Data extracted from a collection

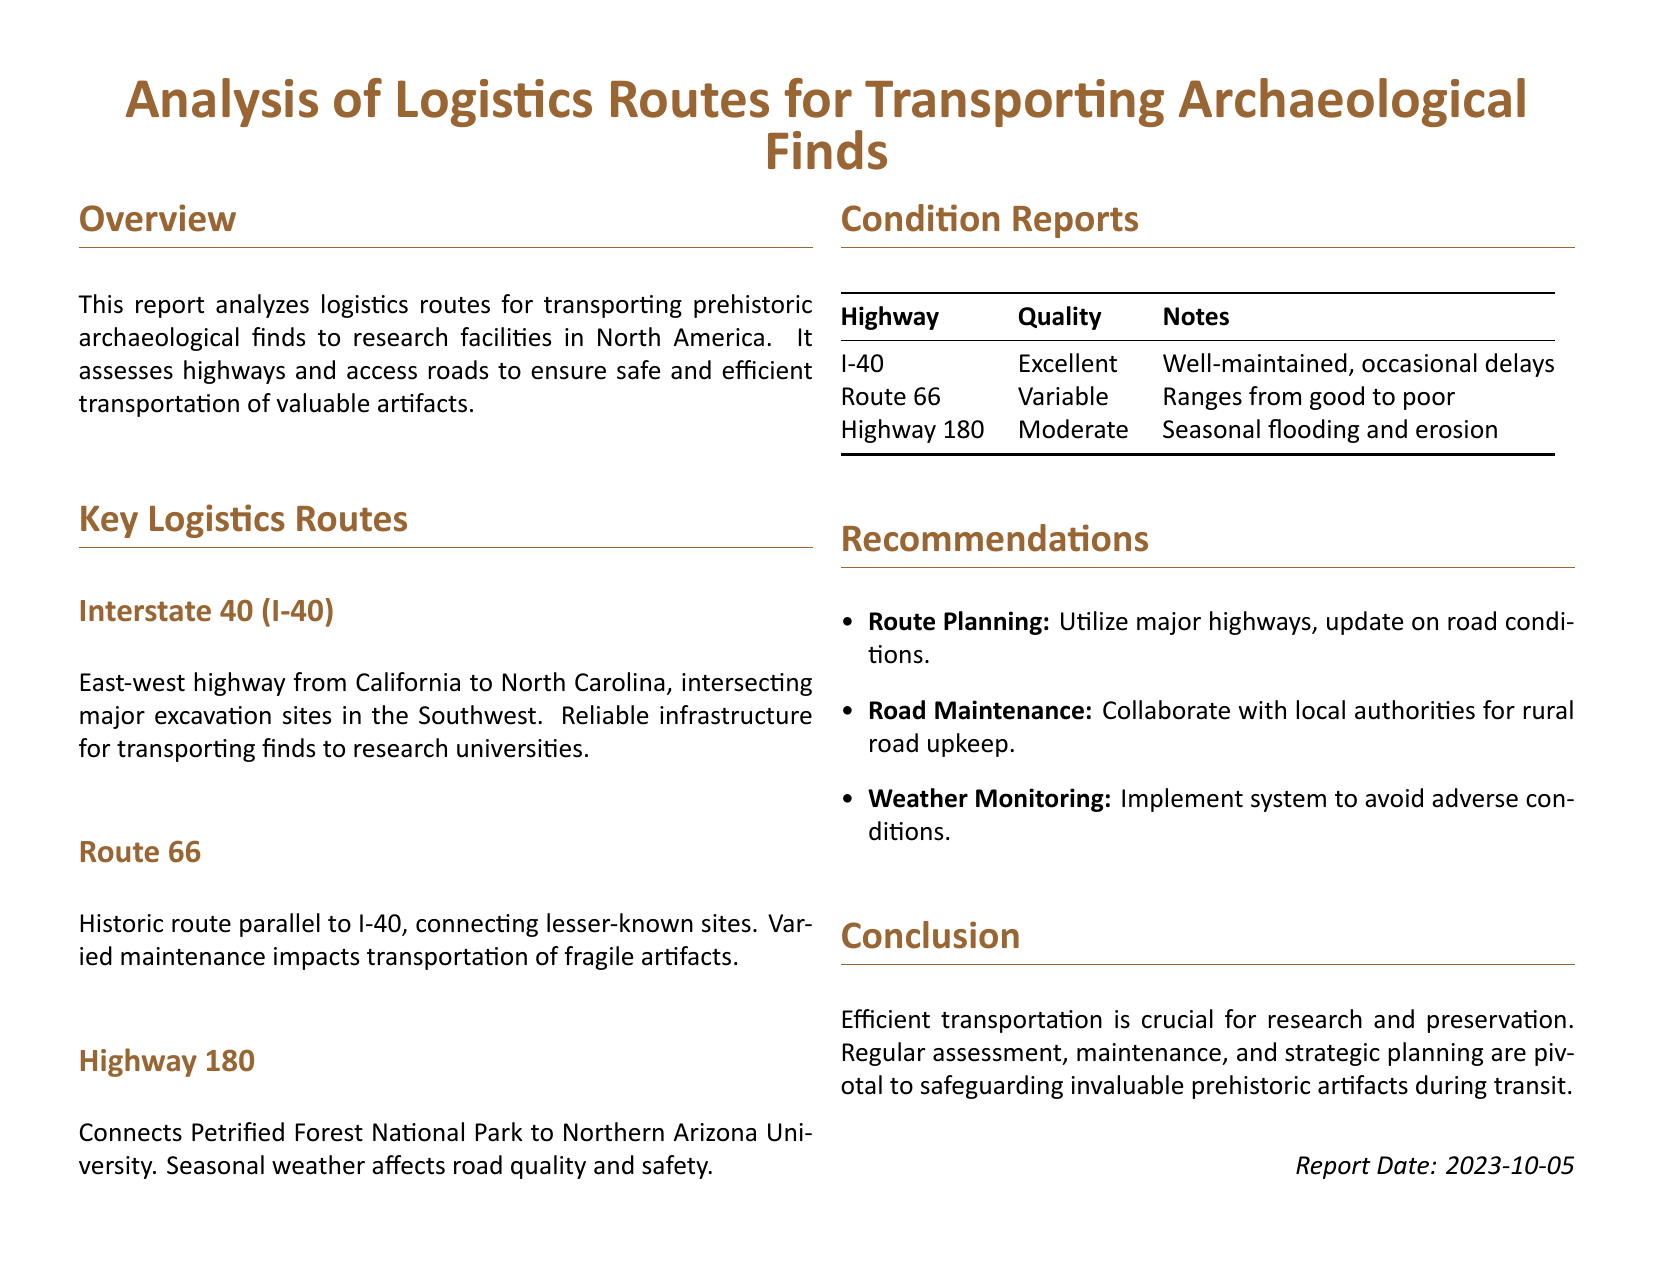What is the title of the report? The title of the report is the primary heading that summarizes the document's purpose.
Answer: Analysis of Logistics Routes for Transporting Archaeological Finds What is the condition of Interstate 40? The condition of Interstate 40 is summarized in the condition reports table, which reflects overall quality and maintenance status.
Answer: Excellent What are the seasonal impacts on Highway 180? The seasonal impacts on Highway 180 are noted under the condition reports, focusing on weather-related issues affecting road safety.
Answer: Seasonal flooding and erosion How many key logistics routes are identified in the report? The number of key logistics routes can be counted from the sections detailing each route in the document.
Answer: Three Which highway connects Petrified Forest National Park to a university? This highway is specifically mentioned in the context of connecting archaeological sites to research facilities.
Answer: Highway 180 What type of road maintenance is recommended in the report? The recommendation for road maintenance addresses collaborative efforts for upkeep.
Answer: Collaborate with local authorities When was the report dated? The report date is indicated at the bottom of the document, providing a timestamp for the information presented.
Answer: 2023-10-05 What does the report suggest for weather monitoring? The report includes a recommendation that specifically pertains to weather conditions affecting transportation.
Answer: Implement system to avoid adverse conditions

→ **Task prompt**: The required output is the stretch of entries above from the line containing "Answer: Seasonal flooding" through the line containing "Answer: Collaborate with", reproduced exactly.

→ **Response**:
Answer: Seasonal flooding and erosion How many key logistics routes are identified in the report? The number of key logistics routes can be counted from the sections detailing each route in the document.
Answer: Three Which highway connects Petrified Forest National Park to a university? This highway is specifically mentioned in the context of connecting archaeological sites to research facilities.
Answer: Highway 180 What type of road maintenance is recommended in the report? The recommendation for road maintenance addresses collaborative efforts for upkeep.
Answer: Collaborate with local authorities When was the report dated? The report date is indicated at the bottom of the document, providing a timestamp for the information presented.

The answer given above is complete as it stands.